Up ahead, what used to be the tire tracks I was following were now just marks in the snow, but they were still easy to read. And when I took my eyes off the road for half a split second I could just see the top of the fire tower—where this Captain Scranton guy was supposed to be for some reason on a day like this—through the bare branches of the trees and the blowing white mess up above.

“The thing is this,” I said. “When something big comes over like this, Chief Hannon he wants everybody to do like he says, and just that: nothing else but what he says. I guess maybe was I running things maybe I’d want that too. But Chief Hannon he doesn’t want you figuring nothing out on your own. If he didn’t think of it, well it’s not a good idea. And say you try to come up with something just yourself, he can’t have it, see?”

“I think so; I think I’ve worked for men like that.” She said
men
like it was a dirty word, but I guess she’d got a fair amount of trouble working with men—or trying to work with them.
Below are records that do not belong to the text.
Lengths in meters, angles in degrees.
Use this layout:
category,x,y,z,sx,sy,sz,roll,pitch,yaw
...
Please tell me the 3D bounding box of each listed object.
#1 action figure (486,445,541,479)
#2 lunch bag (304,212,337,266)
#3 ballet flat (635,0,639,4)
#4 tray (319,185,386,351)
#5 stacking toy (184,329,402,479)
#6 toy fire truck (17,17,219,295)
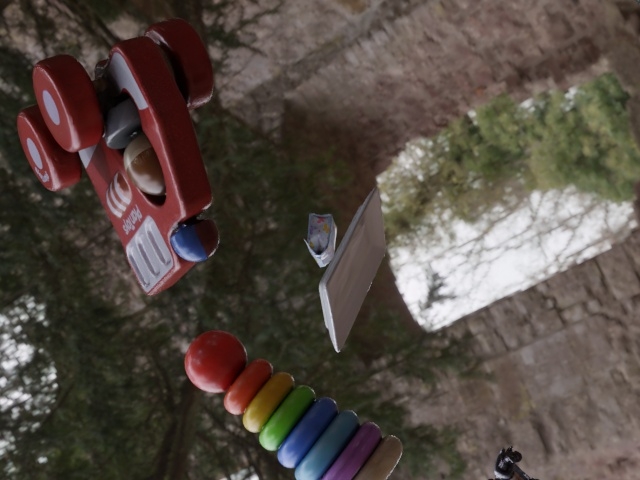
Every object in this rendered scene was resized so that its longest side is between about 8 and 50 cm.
category,x,y,z,sx,sy,sz,roll,pitch,yaw
action figure,0.321,0.399,1.383,0.185,0.099,0.285,34,-172,28
lunch bag,0.000,0.000,1.660,0.071,0.053,0.083,59,-146,-71
ballet flat,0.475,-0.260,1.068,0.095,0.280,0.096,37,-111,-80
tray,0.052,0.042,1.512,0.270,0.030,0.145,-61,-29,-46
stacking toy,-0.050,0.241,1.292,0.330,0.141,0.141,38,-154,8
toy fire truck,-0.194,-0.081,1.010,0.169,0.302,0.254,-27,-93,-29
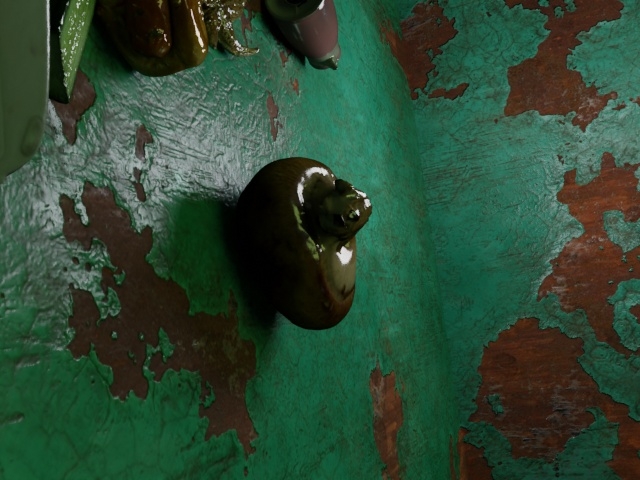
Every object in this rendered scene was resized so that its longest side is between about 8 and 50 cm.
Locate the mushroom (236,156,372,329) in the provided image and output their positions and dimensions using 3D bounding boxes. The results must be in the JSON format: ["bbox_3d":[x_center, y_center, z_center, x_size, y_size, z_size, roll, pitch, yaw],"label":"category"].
[{"bbox_3d":[0.000,0.000,1.275,0.345,0.259,0.346,-9,90,-69],"label":"mushroom"}]

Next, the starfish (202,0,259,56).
[{"bbox_3d":[-0.188,-0.435,1.264,0.277,0.062,0.236,-71,144,-49],"label":"starfish"}]

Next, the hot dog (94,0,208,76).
[{"bbox_3d":[-0.248,-0.373,0.973,0.153,0.150,0.257,2,79,-79],"label":"hot dog"}]

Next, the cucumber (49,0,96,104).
[{"bbox_3d":[-0.314,-0.301,0.835,0.115,0.063,0.244,116,-18,-61],"label":"cucumber"}]

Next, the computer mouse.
[{"bbox_3d":[-0.340,-0.206,0.627,0.197,0.095,0.331,-26,130,-55],"label":"computer mouse"}]

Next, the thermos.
[{"bbox_3d":[-0.028,-0.522,1.637,0.176,0.146,0.265,60,5,21],"label":"thermos"}]
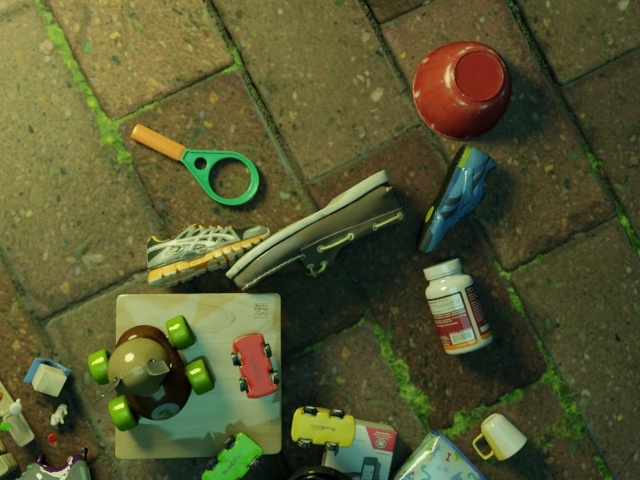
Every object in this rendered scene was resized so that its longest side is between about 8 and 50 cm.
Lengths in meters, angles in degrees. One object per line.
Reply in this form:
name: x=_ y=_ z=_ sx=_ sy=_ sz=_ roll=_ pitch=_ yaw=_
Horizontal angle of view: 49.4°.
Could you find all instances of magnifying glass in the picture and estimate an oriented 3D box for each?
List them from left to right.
magnifying glass: x=-0.213 y=-0.135 z=1.191 sx=0.231 sy=0.026 sz=0.092 roll=27 pitch=85 yaw=-6

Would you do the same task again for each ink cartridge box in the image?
ink cartridge box: x=0.058 y=0.380 z=1.167 sx=0.109 sy=0.063 sz=0.150 roll=12 pitch=85 yaw=-5

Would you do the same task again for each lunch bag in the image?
lunch bag: x=0.206 y=0.415 z=1.164 sx=0.151 sy=0.096 sz=0.129 roll=43 pitch=83 yaw=8

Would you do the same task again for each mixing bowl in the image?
mixing bowl: x=0.259 y=-0.273 z=1.210 sx=0.182 sy=0.098 sz=0.181 roll=0 pitch=86 yaw=-5

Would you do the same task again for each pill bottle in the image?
pill bottle: x=0.231 y=0.111 z=1.190 sx=0.086 sy=0.086 sz=0.151 roll=-18 pitch=89 yaw=-7

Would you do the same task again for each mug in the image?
mug: x=0.305 y=0.339 z=1.198 sx=0.078 sy=0.062 sz=0.064 roll=-37 pitch=83 yaw=-13

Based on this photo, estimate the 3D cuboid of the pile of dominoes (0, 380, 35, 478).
pile of dominoes: x=-0.596 y=0.287 z=1.130 sx=0.196 sy=0.040 sz=0.251 roll=-35 pitch=83 yaw=-7

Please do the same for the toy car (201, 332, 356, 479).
toy car: x=-0.095 y=0.291 z=1.072 sx=0.239 sy=0.053 sz=0.225 roll=42 pitch=84 yaw=-2

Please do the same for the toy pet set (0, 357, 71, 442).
toy pet set: x=-0.464 y=0.249 z=1.118 sx=0.122 sy=0.065 sz=0.114 roll=29 pitch=84 yaw=-31

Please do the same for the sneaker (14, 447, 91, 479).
sneaker: x=-0.476 y=0.402 z=1.117 sx=0.224 sy=0.083 sz=0.098 roll=-11 pitch=65 yaw=-9

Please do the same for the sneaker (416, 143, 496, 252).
sneaker: x=0.240 y=-0.063 z=1.210 sx=0.082 sy=0.069 sz=0.209 roll=28 pitch=84 yaw=-7

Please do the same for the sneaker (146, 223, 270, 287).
sneaker: x=-0.189 y=0.007 z=1.158 sx=0.215 sy=0.084 sz=0.083 roll=-17 pitch=70 yaw=-13

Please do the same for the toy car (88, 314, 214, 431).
toy car: x=-0.250 y=0.197 z=0.992 sx=0.155 sy=0.188 sz=0.148 roll=-24 pitch=89 yaw=-6

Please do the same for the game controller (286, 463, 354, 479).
game controller: x=0.050 y=0.461 z=1.096 sx=0.319 sy=0.067 sz=0.166 roll=40 pitch=109 yaw=-22

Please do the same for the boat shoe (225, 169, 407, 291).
boat shoe: x=0.000 y=0.000 z=1.150 sx=0.324 sy=0.116 sz=0.096 roll=-32 pitch=92 yaw=-19

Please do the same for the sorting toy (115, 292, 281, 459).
sorting toy: x=-0.195 y=0.214 z=1.138 sx=0.257 sy=0.089 sz=0.255 roll=0 pitch=87 yaw=-6
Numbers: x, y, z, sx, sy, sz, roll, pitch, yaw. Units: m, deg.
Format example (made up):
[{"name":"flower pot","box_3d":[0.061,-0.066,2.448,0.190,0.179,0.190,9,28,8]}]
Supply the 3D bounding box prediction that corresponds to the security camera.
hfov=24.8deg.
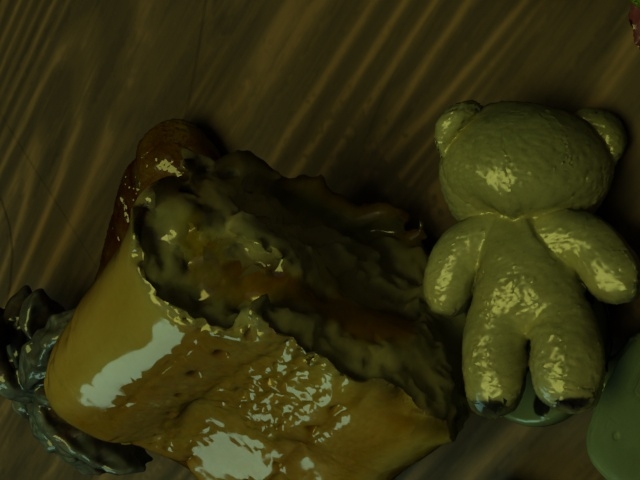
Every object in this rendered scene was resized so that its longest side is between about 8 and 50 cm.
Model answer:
[{"name":"security camera","box_3d":[0.257,0.125,1.299,0.301,0.080,0.157,36,110,43]}]

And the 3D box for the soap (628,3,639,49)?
[{"name":"soap","box_3d":[0.347,-0.192,1.125,0.162,0.099,0.250,54,129,19]}]

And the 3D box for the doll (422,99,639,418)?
[{"name":"doll","box_3d":[0.181,0.019,1.282,0.149,0.175,0.278,110,163,-76]}]

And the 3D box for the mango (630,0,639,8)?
[{"name":"mango","box_3d":[0.261,-0.248,1.089,0.091,0.074,0.165,21,120,24]}]

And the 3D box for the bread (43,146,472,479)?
[{"name":"bread","box_3d":[-0.067,0.101,1.421,0.361,0.250,0.394,29,140,-12]}]

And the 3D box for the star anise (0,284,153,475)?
[{"name":"star anise","box_3d":[-0.326,0.176,1.750,0.316,0.139,0.359,55,154,21]}]

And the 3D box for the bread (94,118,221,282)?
[{"name":"bread","box_3d":[-0.201,0.015,1.669,0.124,0.084,0.344,42,126,25]}]
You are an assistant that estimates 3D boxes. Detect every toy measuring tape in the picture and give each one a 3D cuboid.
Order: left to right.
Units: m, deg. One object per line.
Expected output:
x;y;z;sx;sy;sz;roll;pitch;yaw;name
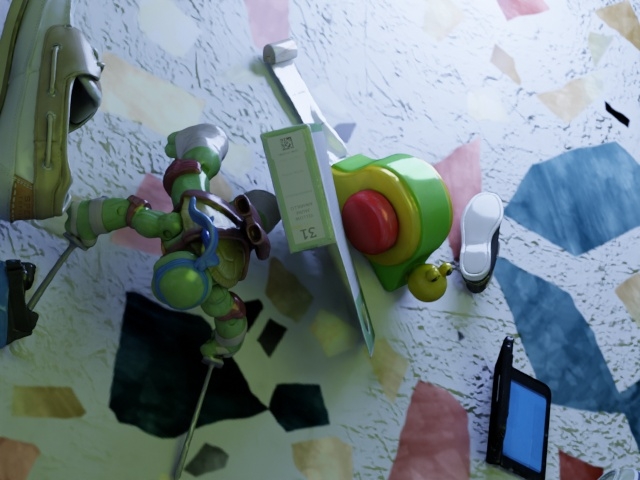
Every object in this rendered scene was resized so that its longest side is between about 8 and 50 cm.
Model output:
0.052;-0.087;1.923;0.121;0.121;0.330;-22;81;-41;toy measuring tape

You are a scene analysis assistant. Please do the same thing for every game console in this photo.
0.217;0.179;1.933;0.071;0.107;0.122;8;57;0;game console

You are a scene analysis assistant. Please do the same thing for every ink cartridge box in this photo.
0.000;0.000;1.815;0.056;0.171;0.235;-13;93;4;ink cartridge box

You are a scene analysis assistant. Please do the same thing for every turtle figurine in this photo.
-0.150;0.022;1.728;0.197;0.275;0.266;22;31;2;turtle figurine

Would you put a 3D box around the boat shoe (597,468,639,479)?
0.240;0.316;1.854;0.094;0.109;0.302;50;51;-1;boat shoe

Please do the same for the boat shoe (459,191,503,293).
0.178;0.002;2.018;0.046;0.038;0.125;0;51;10;boat shoe

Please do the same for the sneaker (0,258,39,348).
-0.300;0.022;1.629;0.084;0.058;0.152;-18;81;-13;sneaker

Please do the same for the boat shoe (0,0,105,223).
-0.255;-0.145;1.713;0.103;0.113;0.302;12;62;0;boat shoe
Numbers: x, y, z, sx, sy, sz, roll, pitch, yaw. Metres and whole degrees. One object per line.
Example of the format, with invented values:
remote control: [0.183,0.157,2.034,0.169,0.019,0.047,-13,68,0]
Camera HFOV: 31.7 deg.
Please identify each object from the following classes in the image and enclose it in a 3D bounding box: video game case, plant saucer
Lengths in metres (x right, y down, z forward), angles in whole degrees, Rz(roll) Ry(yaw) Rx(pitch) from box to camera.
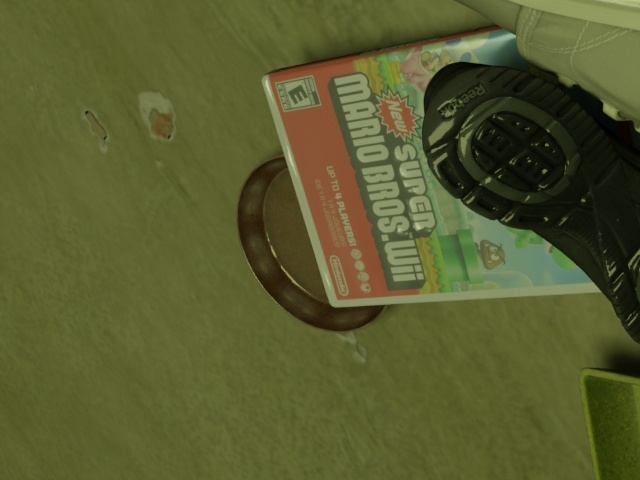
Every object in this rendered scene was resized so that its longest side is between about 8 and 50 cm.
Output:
video game case: [0.103,-0.051,0.840,0.285,0.025,0.204,-6,110,33]
plant saucer: [0.291,0.179,0.816,0.188,0.045,0.188,7,119,44]
plant saucer: [0.000,0.000,0.975,0.168,0.029,0.169,18,123,31]

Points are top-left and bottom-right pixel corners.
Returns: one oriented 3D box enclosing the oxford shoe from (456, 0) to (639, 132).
oxford shoe: [0.198,-0.118,0.651,0.449,0.169,0.130,23,131,19]

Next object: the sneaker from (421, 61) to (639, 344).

Me, I been a man most of my life. I started out as a little kid, like everybody else, but I been a man most of my life now, and I worked and lived with men in the Army—it was pretty much all men in the Army back then—and I never had a high opinion of us myself, so I could see why she said it like that.

“So when this armored car doesn’t show up on time, word comes out from Chief Hannon, he says do a roadblock at the edge of town there, then start working out, looking for the truck. And I’m the roadblock and that’s way out, just a couple miles maybe from the park here, only when I get out here I get word on the radio there’s a farmhouse not far from me, and the farmer says some guy there tried to steal his truck and he caught him doing it and he’s holding him at the end of a shotgun.”

“My goodness!”

“Yeah, that’s just what I said—something like that anyway.” I took the Jeep around a curve in the trail past the trees to a clearing and almost all of the fire tower came into view at the top of a rise, like some big tall metal-monster-giant standing up and facing into the snow. I shifted the Jeep into a lower gear and steadied the wheel to move up that rise as I talked.

“So I get on the radio and I tell the chief I ought to go check this out because it might be it’s got something to do with our missing armored car full of money. But he says I should just sit there on the roadblock and wait for someone to come along because that farmhouse it’s outside the city and he don’t want to bother with it.”

“But you thought you should?”

“Yeah, and I did more than think it. I drove over there and took a look and dam—uh—darned but this guy the farmer caught, he looks like one of our robbers.”

“You knew what they looked like?”

“Yeah, by then they found the armored car and got us a description, and this guy was one of them, but I could see tracks in the snow where the other one had drove off with the money.”